Source data
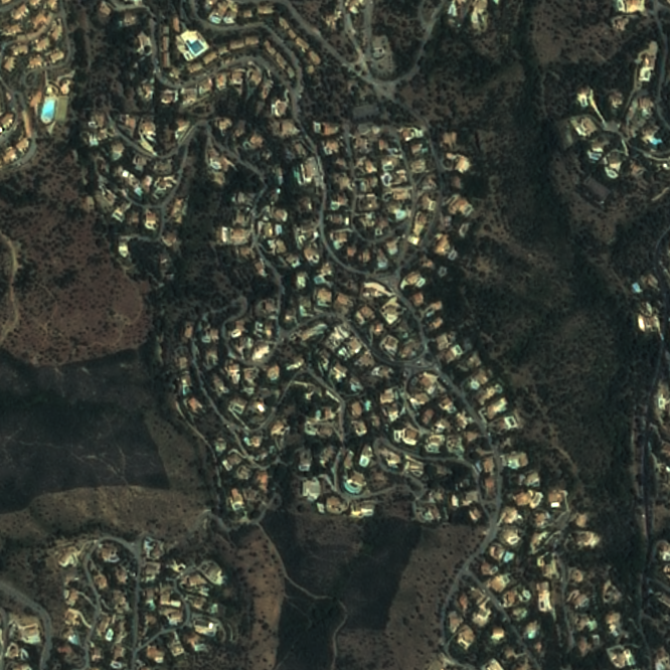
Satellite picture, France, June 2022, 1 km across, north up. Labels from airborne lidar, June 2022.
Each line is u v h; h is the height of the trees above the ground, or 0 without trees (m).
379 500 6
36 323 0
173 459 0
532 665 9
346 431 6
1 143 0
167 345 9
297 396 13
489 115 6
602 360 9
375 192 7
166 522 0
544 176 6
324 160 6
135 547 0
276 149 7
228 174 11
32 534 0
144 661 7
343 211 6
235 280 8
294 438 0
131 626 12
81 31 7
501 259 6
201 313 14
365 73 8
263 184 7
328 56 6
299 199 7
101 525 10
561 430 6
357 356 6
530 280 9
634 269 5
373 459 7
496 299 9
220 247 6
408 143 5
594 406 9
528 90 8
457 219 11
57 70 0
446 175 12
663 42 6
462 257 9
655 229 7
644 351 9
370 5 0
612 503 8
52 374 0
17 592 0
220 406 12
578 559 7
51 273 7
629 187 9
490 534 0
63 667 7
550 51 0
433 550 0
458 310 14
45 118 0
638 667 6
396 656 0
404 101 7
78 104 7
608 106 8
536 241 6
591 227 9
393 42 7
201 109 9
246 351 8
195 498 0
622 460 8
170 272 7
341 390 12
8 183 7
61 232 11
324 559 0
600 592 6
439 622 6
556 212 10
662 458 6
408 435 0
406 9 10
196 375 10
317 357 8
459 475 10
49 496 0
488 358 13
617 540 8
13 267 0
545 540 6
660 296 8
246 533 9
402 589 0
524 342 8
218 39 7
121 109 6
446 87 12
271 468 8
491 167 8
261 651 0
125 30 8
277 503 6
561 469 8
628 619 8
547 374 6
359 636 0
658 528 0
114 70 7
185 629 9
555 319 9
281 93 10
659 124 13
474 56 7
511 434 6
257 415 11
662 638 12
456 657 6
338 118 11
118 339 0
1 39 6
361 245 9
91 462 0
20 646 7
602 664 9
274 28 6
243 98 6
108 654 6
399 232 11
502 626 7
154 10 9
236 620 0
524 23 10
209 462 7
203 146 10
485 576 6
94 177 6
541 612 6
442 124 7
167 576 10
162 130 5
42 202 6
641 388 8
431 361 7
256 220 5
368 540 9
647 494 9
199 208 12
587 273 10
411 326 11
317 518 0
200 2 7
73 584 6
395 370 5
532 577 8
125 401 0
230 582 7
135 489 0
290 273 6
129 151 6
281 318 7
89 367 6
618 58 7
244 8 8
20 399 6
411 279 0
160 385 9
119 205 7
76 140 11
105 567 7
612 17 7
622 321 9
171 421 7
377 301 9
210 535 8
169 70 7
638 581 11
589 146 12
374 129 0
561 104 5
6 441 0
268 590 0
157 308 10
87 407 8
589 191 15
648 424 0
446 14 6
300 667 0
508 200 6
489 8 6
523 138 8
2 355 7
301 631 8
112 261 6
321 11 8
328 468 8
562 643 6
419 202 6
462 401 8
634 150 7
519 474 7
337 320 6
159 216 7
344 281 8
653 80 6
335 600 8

---

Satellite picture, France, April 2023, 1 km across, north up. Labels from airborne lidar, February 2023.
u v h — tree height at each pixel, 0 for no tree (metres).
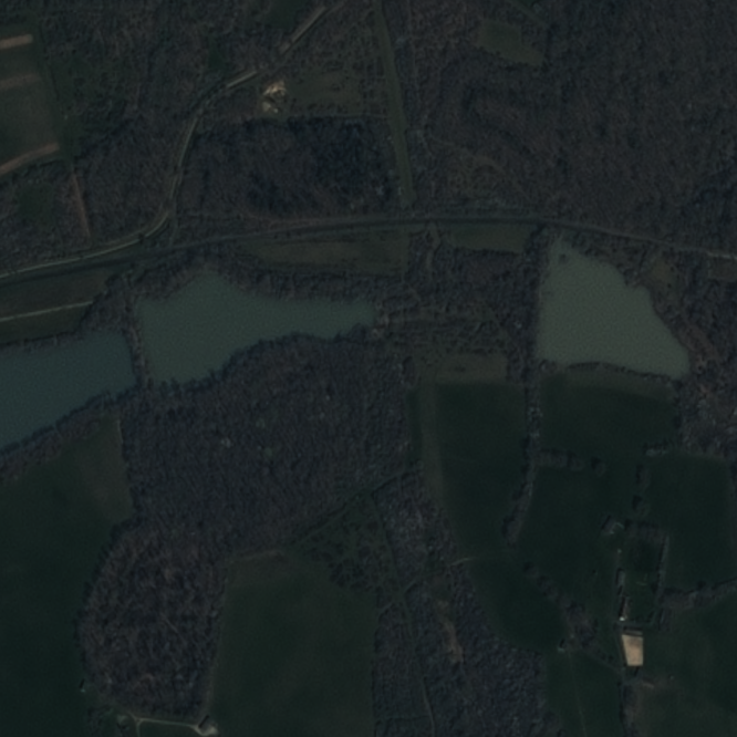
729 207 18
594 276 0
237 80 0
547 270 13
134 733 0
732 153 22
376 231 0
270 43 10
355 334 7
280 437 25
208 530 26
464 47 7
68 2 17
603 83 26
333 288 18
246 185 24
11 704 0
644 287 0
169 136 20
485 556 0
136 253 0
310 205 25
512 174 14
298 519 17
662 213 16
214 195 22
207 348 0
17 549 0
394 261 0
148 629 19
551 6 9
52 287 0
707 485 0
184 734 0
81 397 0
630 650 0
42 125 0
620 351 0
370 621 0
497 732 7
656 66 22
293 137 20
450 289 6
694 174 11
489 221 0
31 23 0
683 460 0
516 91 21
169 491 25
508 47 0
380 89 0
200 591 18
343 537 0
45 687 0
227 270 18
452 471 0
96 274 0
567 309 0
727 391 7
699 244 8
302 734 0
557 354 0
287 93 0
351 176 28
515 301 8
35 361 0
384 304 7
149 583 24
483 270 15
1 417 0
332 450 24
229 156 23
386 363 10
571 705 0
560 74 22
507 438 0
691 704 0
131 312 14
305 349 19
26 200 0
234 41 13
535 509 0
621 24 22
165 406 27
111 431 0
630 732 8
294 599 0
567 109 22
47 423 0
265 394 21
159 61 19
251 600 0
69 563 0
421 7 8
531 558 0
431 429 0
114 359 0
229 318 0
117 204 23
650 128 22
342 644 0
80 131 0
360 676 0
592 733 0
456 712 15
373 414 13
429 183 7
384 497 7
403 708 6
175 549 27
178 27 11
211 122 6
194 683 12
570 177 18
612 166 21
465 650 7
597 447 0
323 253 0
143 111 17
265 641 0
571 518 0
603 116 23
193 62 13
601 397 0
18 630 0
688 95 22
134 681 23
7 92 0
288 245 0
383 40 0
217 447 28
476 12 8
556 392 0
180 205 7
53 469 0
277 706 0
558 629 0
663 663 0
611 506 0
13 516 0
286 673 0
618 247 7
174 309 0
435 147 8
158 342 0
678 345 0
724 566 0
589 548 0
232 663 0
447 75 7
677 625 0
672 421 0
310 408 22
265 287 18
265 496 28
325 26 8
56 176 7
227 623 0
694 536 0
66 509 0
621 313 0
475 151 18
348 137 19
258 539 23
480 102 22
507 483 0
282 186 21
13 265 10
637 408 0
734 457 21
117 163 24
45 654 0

### Action item
Check each line of the data above for the word "picture" and copy the ones where it is found.

### Result below
Satellite picture, France, June 2022, 1 km across, north up. Labels from airborne lidar, June 2022.
Satellite picture, France, April 2023, 1 km across, north up. Labels from airborne lidar, February 2023.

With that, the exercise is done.